# Imports

In [8]:
%reload_ext Cython

In [9]:
import sys
sys.path.append("..")

from KNN.ItemKNNCBFRecommender import ItemKNNCBFRecommender

from Base.Evaluation.Evaluator import EvaluatorHoldout

from Data_manager.Movielens_20m.Movielens20MReader import Movielens20MReader
from Data_manager.DataSplitter_k_fold import DataSplitter_Warm_k_fold

# Dataset selection and splitting (TODO: Switch to cold item dataset)

### Dataset is downloaded and stored locally if absent

In [10]:
# Selecting a dataset
dataReader = Movielens20MReader()

# Splitting the dataset. This split will produce a warm item split
# To replicate the original experimens use the dataset accessible here with a cold item split:
# https://mmprj.github.io/mtrm_dataset/index
dataSplitter = DataSplitter_Warm_k_fold(dataReader)
dataSplitter.load_data()

DataSplitter_k_fold for DataReader: Movielens_20m
	 Num items: 27278
	 Num users: 138493

	 Statistics for fold 0: n_interactions 3947336 ( 19.74%), n_items 27278 ( 100.00%), density: 1.04E-03
	 Statistics for fold 1: n_interactions 3999236 ( 20.00%), n_items 27278 ( 100.00%), density: 1.06E-03
	 Statistics for fold 2: n_interactions 4000004 ( 20.00%), n_items 27278 ( 100.00%), density: 1.06E-03
	 Statistics for fold 3: n_interactions 3999236 ( 20.00%), n_items 27278 ( 100.00%), density: 1.06E-03
	 Statistics for fold 4: n_interactions 4054451 ( 20.27%), n_items 27278 ( 100.00%), density: 1.07E-03


	 Statistics for ICM_genre: n_features 20, feature occurrences 54406, density: 9.97E-02


DataSplitter_k_fold: Done.


# Setup URM and ICM (TODO: Ignore warm items in cold items setting)

In [11]:
# Each URM is a scipy.sparse matrix of shape |users|x|items|
URM_train, URM_validation, URM_test = dataSplitter.get_holdout_split()
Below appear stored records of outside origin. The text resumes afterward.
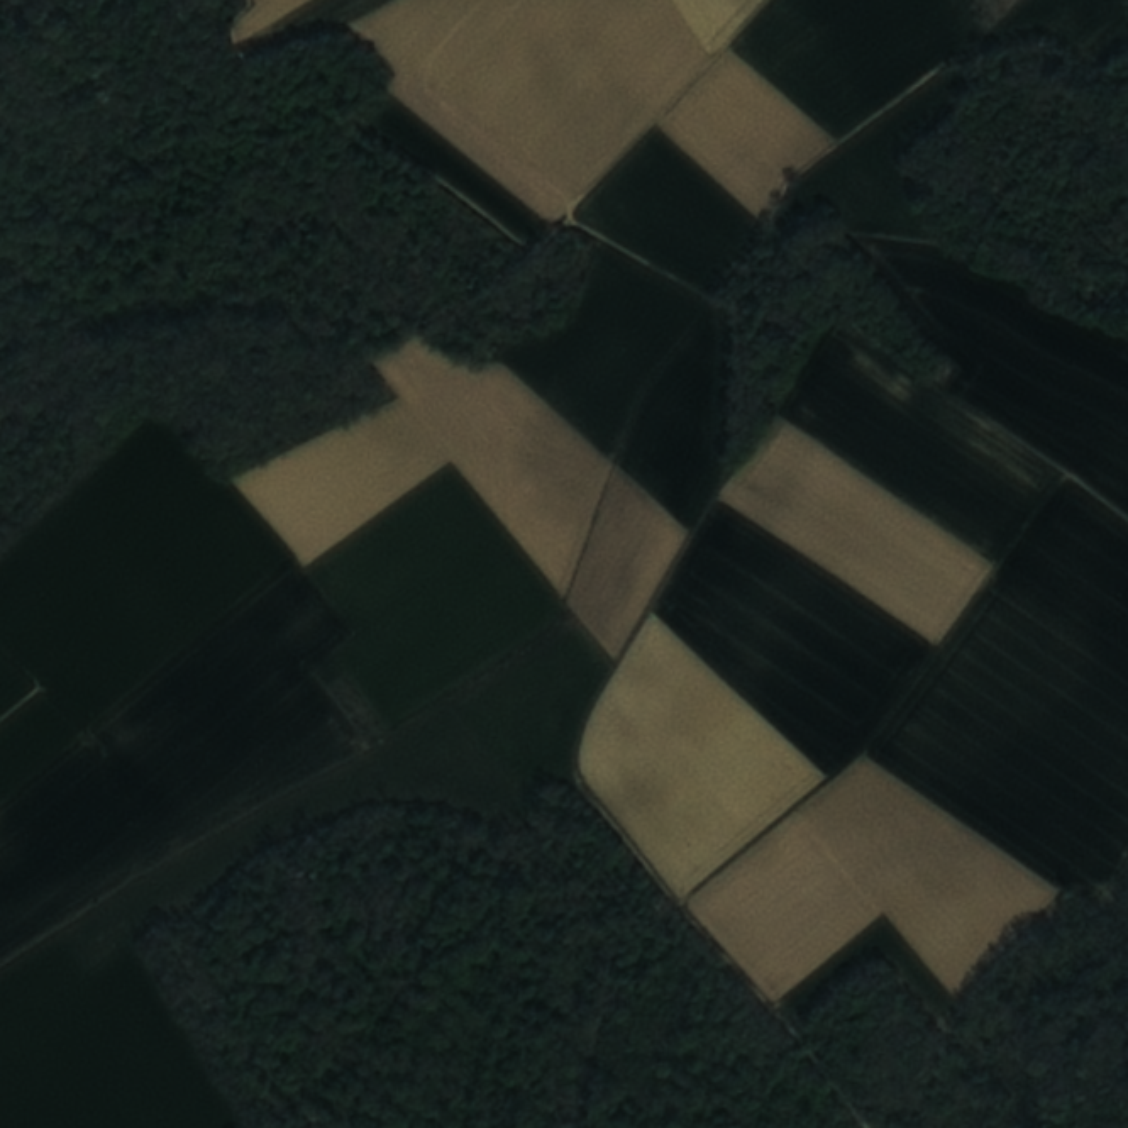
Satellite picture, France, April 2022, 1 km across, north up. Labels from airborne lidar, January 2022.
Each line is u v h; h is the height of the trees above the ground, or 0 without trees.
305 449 0
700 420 0
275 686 0
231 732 0
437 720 0
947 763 0
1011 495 0
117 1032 0
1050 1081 33
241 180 34
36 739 0
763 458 0
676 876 0
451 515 0
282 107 14
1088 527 0
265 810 0
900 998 25
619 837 19
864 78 0
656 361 0
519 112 0
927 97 0
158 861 0
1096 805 0
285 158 23
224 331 26
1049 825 0
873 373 0
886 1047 26
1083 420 0
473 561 0
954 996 0
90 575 0
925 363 21
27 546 0
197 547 0
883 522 0
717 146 0
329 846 26
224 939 25
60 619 0
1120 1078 31
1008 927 0
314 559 0
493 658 0
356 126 26
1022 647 0
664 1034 15
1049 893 0
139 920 0
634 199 0
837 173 0
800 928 0
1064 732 0
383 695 0
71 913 0
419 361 0
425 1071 24
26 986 0
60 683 0
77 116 26
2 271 30
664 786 0
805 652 0
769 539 0
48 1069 0
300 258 22
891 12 0
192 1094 0
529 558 0
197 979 32
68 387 32
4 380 34
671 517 0
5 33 30
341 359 30
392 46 0
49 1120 0
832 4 0
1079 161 6
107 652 0
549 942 16
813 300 27
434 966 26
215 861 0
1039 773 0
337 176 23
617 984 21
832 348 0
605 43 0
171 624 0
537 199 0
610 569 0
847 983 18
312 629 0
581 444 0
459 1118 27
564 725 0
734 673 0
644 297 0
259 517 0
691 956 24
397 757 0
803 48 0
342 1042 8
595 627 0
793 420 0
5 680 0
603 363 0
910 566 0
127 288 30
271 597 0
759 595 0
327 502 0
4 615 0
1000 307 0
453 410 0
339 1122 27
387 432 0
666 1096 29
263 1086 29
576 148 0
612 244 0
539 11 0
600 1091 30
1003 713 0
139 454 0
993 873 0
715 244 0
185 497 0
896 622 0
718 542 0
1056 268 28
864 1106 23
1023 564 0
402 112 0
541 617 0
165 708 0
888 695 0
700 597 0
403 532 0
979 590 0
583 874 32
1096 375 0
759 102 0
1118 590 0
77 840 0
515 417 0
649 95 0
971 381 0
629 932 30
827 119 0
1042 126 7
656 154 0
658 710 0
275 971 27
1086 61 8
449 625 0
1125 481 0
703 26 0
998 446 0
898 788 0
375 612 0
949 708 0
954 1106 25
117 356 33
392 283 28
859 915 0
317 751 0
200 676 0
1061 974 10
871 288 24
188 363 31
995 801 0
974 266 12
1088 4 0
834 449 0
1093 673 0
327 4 0
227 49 25
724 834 0
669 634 0
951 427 0
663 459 0
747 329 26
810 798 0
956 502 0
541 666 0
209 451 22
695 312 0
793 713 0
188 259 17
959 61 14
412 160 18
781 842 0
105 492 0
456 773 0
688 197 0
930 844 0
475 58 0
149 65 31
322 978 27
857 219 0
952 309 0
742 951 0
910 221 0
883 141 0
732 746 0
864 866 0
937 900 0
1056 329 0

# The ICM is a scipy.sparse matrix of shape |items|x|features|
ICM = dataSplitter.get_ICM_from_name("ICM_genre")

# This contains the items to be ignored during the evaluation step
# In a cold items setting this should contain the indices of the warm items
ignore_items = []

DataSplitter: Generating holdout split... 
DataSplitter: Generating holdout split... done!


# Setup evaluators

In [12]:
evaluator_validation = EvaluatorHoldout(URM_validation, cutoff_list=[5], ignore_items=ignore_items)
evaluator_test = EvaluatorHoldout(URM_test, cutoff_list=[5], ignore_items=ignore_items)

Ignoring 0 Items
Ignoring 0 Items


# CBF Setup parameters (TODO: Parameter tuning)

In [13]:
# We compute the similarity matrix resulting from an Item KNN CBF Recommender
# Note that we have not included the code for parameter tuning, which should be done

cbf_parameters = {
                    'topK': 500,
                    'shrink': 100,
                    'similarity': 'cosine',
                    'normalize': True,
                    'feature_weighting': 'none' # Other options are BM25 and TF-IDF
                 }

# CBF Recommender training and evaluation

In [15]:
recommender_content_based = ItemKNNCBFRecommender(ICM,URM_train)
recommender_content_based.fit(**cbf_parameters)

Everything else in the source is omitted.